Muneer Adil, Xie Ling, Xie Xuping, Zhang Feng, Wrobel John A, Xiong Yan, Yu Xufen, Wang Charles, Gheorghe Ciprian, Wu Ping, Song Juan, Ming Guo-Li, Jin Jian, Song Hongjun, Shi Pei-Yong, Chen Xian
bioRxiv. 2024 Mar 6:2024.03.04.583415. doi: 10.1101/2024.03.04.583415.

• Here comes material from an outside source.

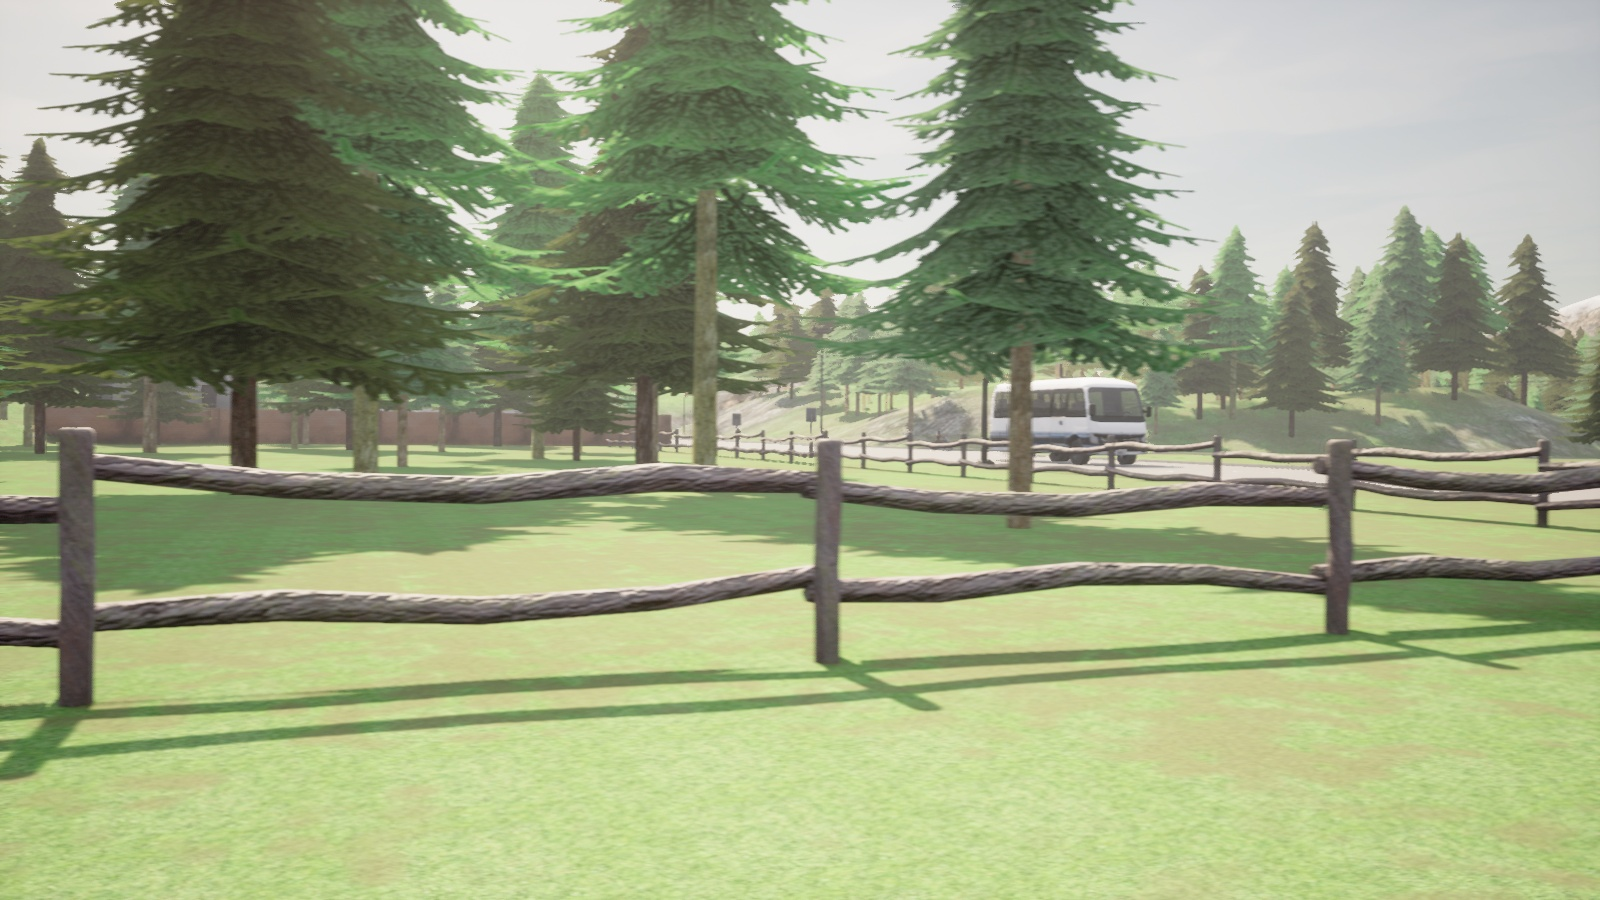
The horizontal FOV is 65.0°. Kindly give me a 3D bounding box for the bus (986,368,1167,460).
[{"bbox_3d":[13.608,-1.739,63.204,3.944,4.253,10.273,-1,1,-20],"label":"bus"}]

By largely unknown mechanism(s), SARS-CoV-2 hijacks the host translation apparatus to promote COVID-19 pathogenesis. We report that the histone methyltransferase G9a noncanonically regulates viral hijacking of the translation machinery to bring about COVID-19 symptoms of hyperinflammation, lymphopenia, and blood coagulation. Chemoproteomic analysis of COVID-19 patient peripheral mononuclear blood cells (PBMC) identified enhanced interactions between SARS-CoV-2-upregulated G9a and distinct translation regulators, particularly the N -methyladenosine (m A) RNA methylase METTL3. These interactions with translation regulators implicated G9a in translational regulation of COVID-19. Inhibition of G9a activity suppressed SARS-CoV-2 replication in human alveolar epithelial cells. Accordingly, multi-omics analysis of the same alveolar cells identified SARS-CoV-2-induced changes at the transcriptional, m A-epitranscriptional, translational, and post-translational (phosphorylation or secretion) levels that were reversed by inhibitor treatment. As suggested by the aforesaid chemoproteomic analysis, these multi-omics-correlated changes revealed a G9a-regulated translational mechanism of COVID-19 pathogenesis in which G9a directs translation of viral and host proteins associated with SARS-CoV-2 replication and with dysregulation of host response. Comparison of proteomic analyses of G9a inhibitor-treated, SARS-CoV-2 infected cells, or culture of patient PBMCs, with COVID-19 patient data revealed that G9a inhibition reversed the patient proteomic landscape that correlated with COVID-19 pathology/symptoms. These data also indicated that the G9a-regulated, inhibitor-reversed, translational mechanism outperformed G9a-transcriptional suppression to ultimately determine COVID-19 pathogenesis and to define the inhibitor action, from which biomarkers of serve symptom vulnerability were mechanistically derived. This cell line-to-patient conservation of G9a-translated, COVID-19 proteome suggests that G9a inhibitors can be used to treat patients with COVID-19, particularly patients with long-lasting COVID-19 sequelae.
通过 largely unknown mechanism(s),严重急性呼吸综合征冠状病毒 2(SARS-CoV-2)劫持宿主翻译装置以促进冠状病毒病 2019(COVID-19)的发病机制。我们报告组蛋白甲基转移酶 G9a 以非经典方式调节病毒对翻译机制的劫持,从而引发 COVID-19 的过度炎症、淋巴细胞减少和血液凝固症状。对 COVID-19 患者外周血单个核细胞(PBMC)的化学蛋白质组学分析确定了 SARS-CoV-2 上调的 G9a 与不同翻译调节因子之间增强的相互作用,特别是 N -甲基腺苷(m A)RNA 甲基化酶 METTL3。这些与翻译调节因子的相互作用表明 G9a 参与了 COVID-19 的翻译调控。抑制 G9a 活性可抑制 SARS-CoV-2 在人肺泡上皮细胞中的复制。因此,对同一肺泡细胞的多组学分析确定了 SARS-CoV-2 诱导的转录、m A 表观转录、翻译和翻译后(磷酸化或分泌)水平的变化,这些变化可被抑制剂处理逆转。如上述化学蛋白质组学分析所表明的,这些多组学相关变化揭示了一种 G9a 调节的 COVID-19 发病机制的翻译机制,其中 G9a 指导与 SARS-CoV-2 复制以及宿主反应失调相关的病毒和宿主蛋白的翻译。将 G9a 抑制剂处理的、SARS-CoV-2 感染的细胞或患者 PBMC 的蛋白质组学分析与 COVID-19 患者数据进行比较,发现抑制 G9a 可逆转与 COVID-19 病理/症状相关的患者蛋白质组格局。这些数据还表明,G9a 调节的、抑制剂逆转的翻译机制优于 G9a 转录抑制,最终决定 COVID-19 的发病机制并确定抑制剂的作用,从中机械性地推导出发病症状易感性的生物标志物。这种从细胞系到患者的 G9a 翻译的 COVID-19 蛋白质组的保守性表明,G9a 抑制剂可用于治疗 COVID-19 患者,特别是患有长期 COVID-19 后遗症的患者。